┌─ Data extract

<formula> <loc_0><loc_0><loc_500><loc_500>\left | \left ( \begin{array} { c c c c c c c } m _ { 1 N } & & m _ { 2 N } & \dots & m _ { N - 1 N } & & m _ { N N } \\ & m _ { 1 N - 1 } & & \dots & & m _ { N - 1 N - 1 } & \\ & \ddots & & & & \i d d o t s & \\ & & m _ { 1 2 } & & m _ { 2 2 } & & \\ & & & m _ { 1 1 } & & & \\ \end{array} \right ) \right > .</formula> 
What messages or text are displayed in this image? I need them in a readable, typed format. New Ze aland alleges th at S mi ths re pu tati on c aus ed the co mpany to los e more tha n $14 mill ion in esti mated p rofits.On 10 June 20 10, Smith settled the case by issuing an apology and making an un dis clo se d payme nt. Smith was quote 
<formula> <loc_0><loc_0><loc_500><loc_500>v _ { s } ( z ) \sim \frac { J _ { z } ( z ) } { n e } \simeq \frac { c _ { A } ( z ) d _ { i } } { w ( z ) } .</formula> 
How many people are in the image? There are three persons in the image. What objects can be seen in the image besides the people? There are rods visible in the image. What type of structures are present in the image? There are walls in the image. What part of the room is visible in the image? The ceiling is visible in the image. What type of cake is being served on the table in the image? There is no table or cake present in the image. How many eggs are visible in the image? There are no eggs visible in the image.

└─
┌─ Data extract

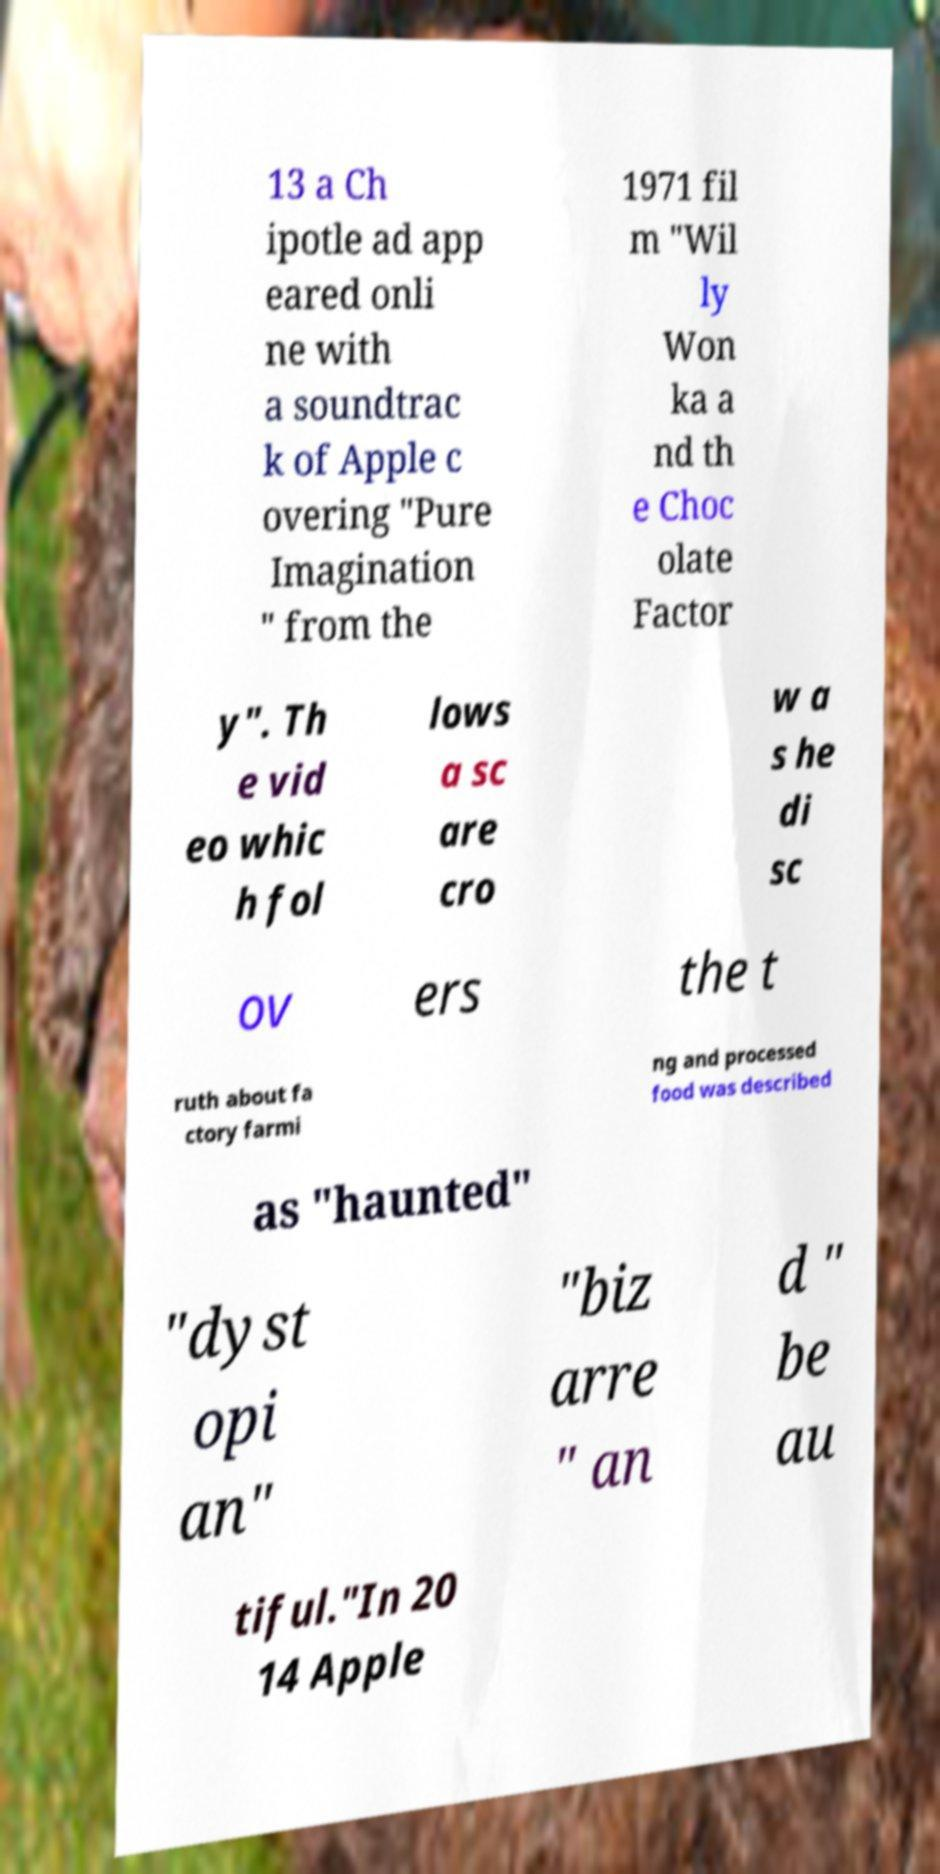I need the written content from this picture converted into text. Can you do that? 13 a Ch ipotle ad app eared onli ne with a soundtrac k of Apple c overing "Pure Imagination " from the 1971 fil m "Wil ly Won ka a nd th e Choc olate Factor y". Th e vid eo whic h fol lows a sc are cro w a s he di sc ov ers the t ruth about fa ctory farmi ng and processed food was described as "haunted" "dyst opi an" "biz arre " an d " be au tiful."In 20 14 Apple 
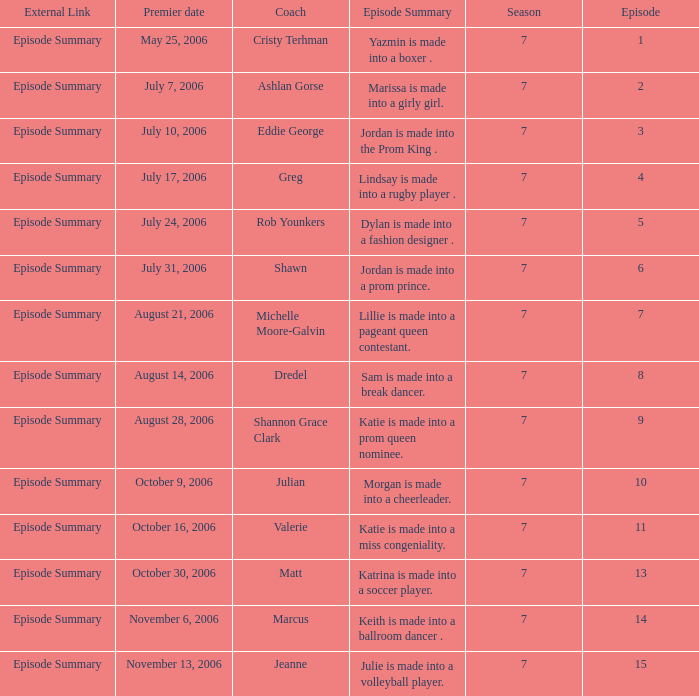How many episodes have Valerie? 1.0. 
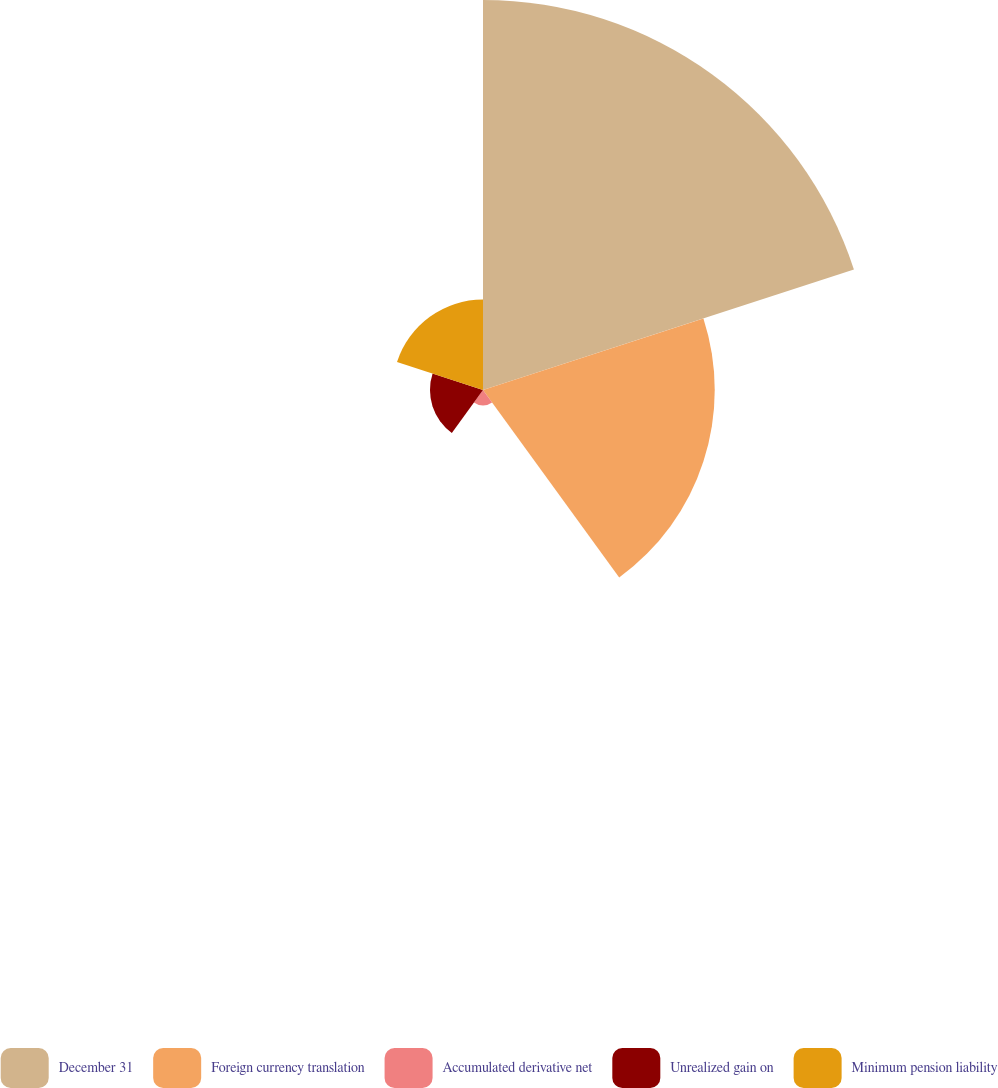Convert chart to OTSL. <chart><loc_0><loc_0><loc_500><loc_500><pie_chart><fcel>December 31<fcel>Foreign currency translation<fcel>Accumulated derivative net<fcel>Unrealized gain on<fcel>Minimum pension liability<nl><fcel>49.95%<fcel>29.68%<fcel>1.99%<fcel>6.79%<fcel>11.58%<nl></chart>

└─

• Your goal:
Each line of the listing that contains the word "What" must be copied.

• Result for this task:
What messages or text are displayed in this image? I need them in a readable, typed format. New Ze aland alleges th at S mi ths re pu tati on c aus ed the co mpany to los e more tha n $14 mill ion in esti mated p rofits.On 10 June 20 10, Smith settled the case by issuing an apology and making an un dis clo se d payme nt. Smith was quote 
How many people are in the image? There are three persons in the image. What objects can be seen in the image besides the people? There are rods visible in the image. What type of structures are present in the image? There are walls in the image. What part of the room is visible in the image? The ceiling is visible in the image. What type of cake is being served on the table in the image? There is no table or cake present in the image. How many eggs are visible in the image? There are no eggs visible in the image.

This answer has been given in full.